Lonely? Relationship Stress?
Maybe you’re lonely, or feeling unloved. Maybe someone is driving you crazy.
But whatever it is, relationships can affect your well-being more than almost anything else.
Some aspects of relationships are out of your control. You can’t make someone change. But there are some things you can do that have a high probability of improving the relationship.
I want to share the best of what I’ve learned from my training in relationship coaching, from my years of ministry, and from over 40 years of marriage.
1. Be intentional to spend quality time. It’s amazing how many of us are sad because we don’t feel close to someone, yet we don’t do our part to get with them, or call or text them. Don’t worry about whether they reach out to you. Doing so may not be their strength, and it may not mean that they don’t care.
2. Nurture the relationship. A relationship is actually the connecting point of one soul with another. Thus, you have to find ways for connections to take place. See their soul. Listen well. Do something you both enjoy. Serve them. Flirt, if it’s a romantic relationship. Open up and be vulnerable. Have good talks.
3. Avoid the energy drainers. Just as a relationship can be nurtured, it can also be damaged. Figure out what you do that sucks the life out of it. Tell the person what they do that makes it difficult for you. (But choose your battles, because it’s also important to bear with one another in love.)
3. Set ground rules. Sit down together and define what is not okay (e.g. no cussing, no name calling, no interrupting, no raising voices). Expect to negotiate. The ground rules will be what you both agree on. Later, if they forget, humbly remind them of the agreement. (Or they may remind you!)
4. See and believe in their best. It can be so easy to see someone’s flaws and what they do wrong. Reflect the heart of Jesus, who saw Peter as the “rock.” (Mt 16:18) Live out Philippians 4:8 and think about whatever is true, noble, etc. in the person. Remember that “love always hopes.” (I C 13:7)
5. Value the relationship over being right. Sure, there are times when it’s important to stand up for what’s right. But the issue is often not as important as the relationship is, and when you make it about determining who’s more right, it can damage the relationship.
7. Use reflective listening. Don’t jump in and reply with your side. Instead, show them you were listening by summarizing what you heard. Then, ask a question, like “tell me more,” or “help me understand.” After that, you can give them your perspective.
8. Express thanks and praise often. If you get in the habit of doing this, you’ll likely be amazed at how the dynamics of your relationship change.
9. Take ownership of your happiness. Don’t take ownership of theirs. Don’t expect someone to make you happy. Your happiness is your responsibility.

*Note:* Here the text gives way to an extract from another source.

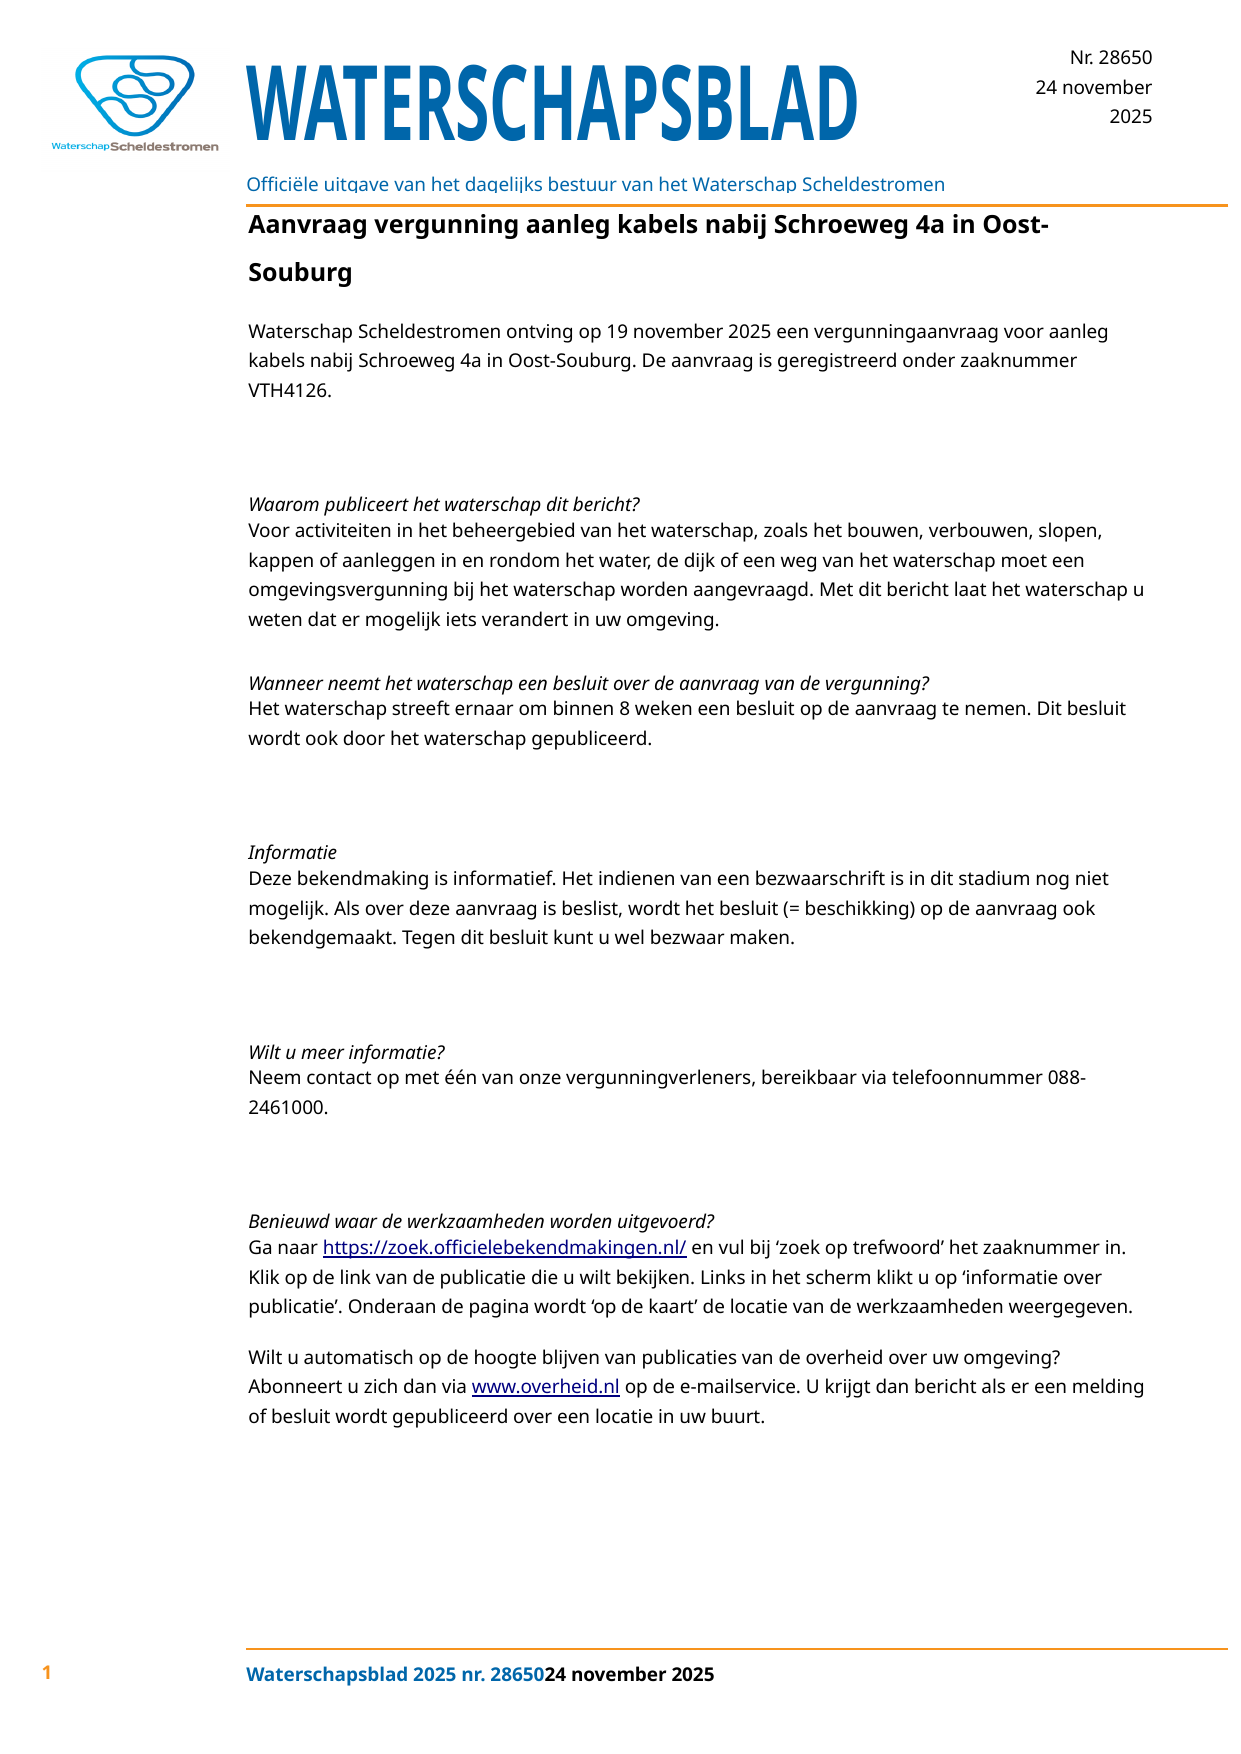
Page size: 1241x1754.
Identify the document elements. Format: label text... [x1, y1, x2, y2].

Don’t feel like it’s your fault if someone is unhappy, or like you have to do something to make them feel better. (I know it's complicated, but think about this.)
10. Tell yourself, “This is not that.” Don’t let your emotional baggage rule the relationship. Just because something happened in the past doesn’t mean that it’s happening this time.

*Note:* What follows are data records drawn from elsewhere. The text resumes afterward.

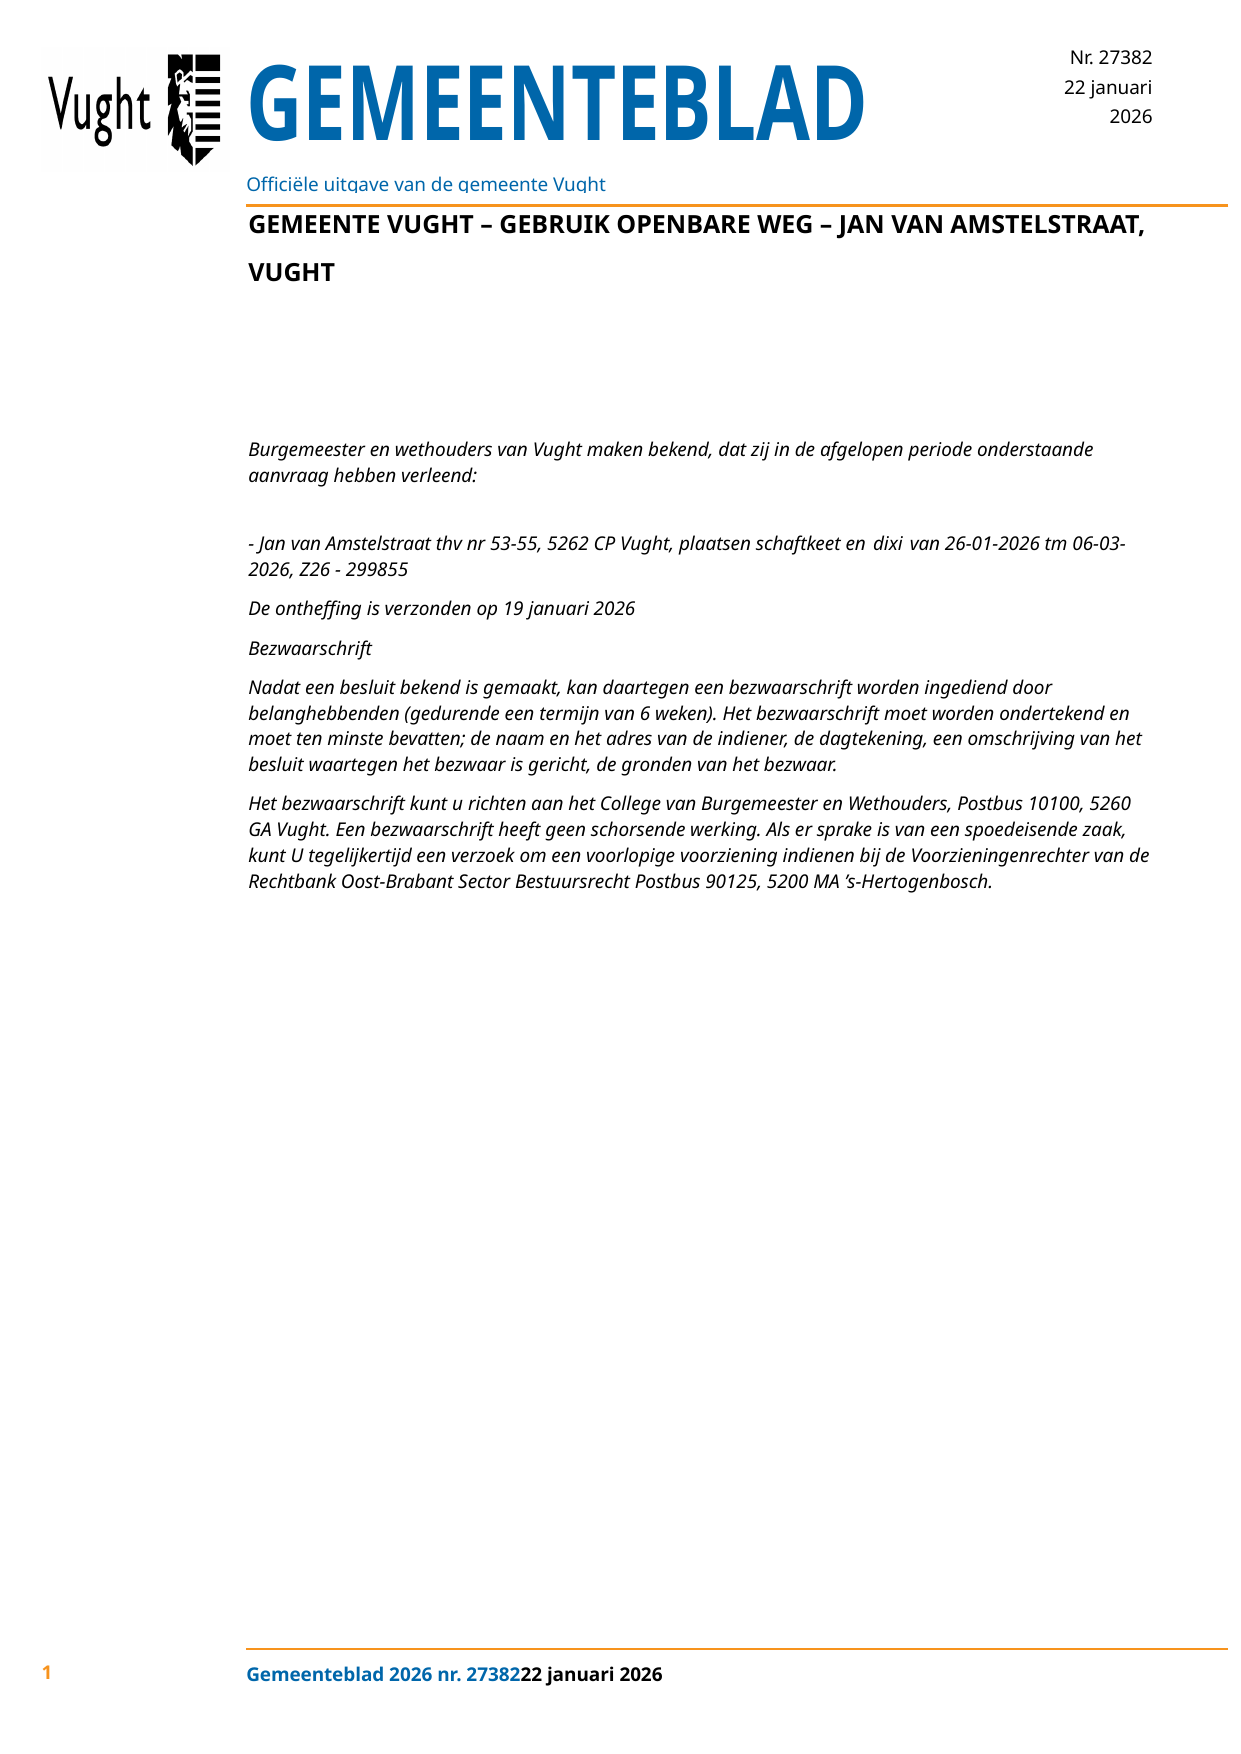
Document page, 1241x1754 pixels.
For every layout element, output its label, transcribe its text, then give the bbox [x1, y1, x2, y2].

text Het bezwaarschrift kunt u richten aan het College van Burgemeester en Wethouders, Postbus 10100, 5260 GA Vught. Een bezwaarschrift heeft geen schorsende werking. Als er sprake is van een spoedeisende zaak, kunt U tegelijkertijd een verzoek om een voorlopige voorziening indienen bij de Voorzieningenrechter van de Rechtbank Oost-Brabant Sector Bestuursrecht Postbus 90125, 5200 MA ’s-Hertogenbosch. [248, 791, 1152, 893]
text GEMEENTE VUGHT – GEBRUIK OPENBARE WEG – JAN VAN AMSTELSTRAAT, VUGHT [248, 207, 1152, 288]
picture [41, 47, 231, 172]
text Nadat een besluit bekend is gemaakt, kan daartegen een bezwaarschrift worden ingediend door belanghebbenden (gedurende een termijn van 6 weken). Het bezwaarschrift moet worden ondertekend en moet ten minste bevatten; de naam en het adres van de indiener, de dagtekening, een omschrijving van het besluit waartegen het bezwaar is gericht, de gronden van het bezwaar. [248, 674, 1152, 777]
text Burgemeester en wethouders van Vught maken bekend, dat zij in de afgelopen periode onderstaande aanvraag hebben verleend: [248, 436, 1152, 487]
text - Jan van Amstelstraat thv nr 53-55, 5262 CP Vught, plaatsen schaftkeet en dixi van 26-01-2026 tm 06-03-2026, Z26 - 299855 [248, 531, 1152, 582]
text De ontheffing is verzonden op 19 januari 2026 [248, 596, 1152, 621]
text Bezwaarschrift [248, 635, 1152, 661]

11. Find a way to have good talks. For some reason, this is difficult. Yet it's a game changer. So make it a priority. Go on walks together. Go out for coffee. Put the kids to bed on time. Do a devotional book together. Schedule a phone call.
The truth is that you weren't created to be independent, but interdependent. Each relationship is a connection, and how you treat someone will affect you as well. Don't allow yourself to get in that downward spiral of treating others as they treat you. Be a force for good in the relationship.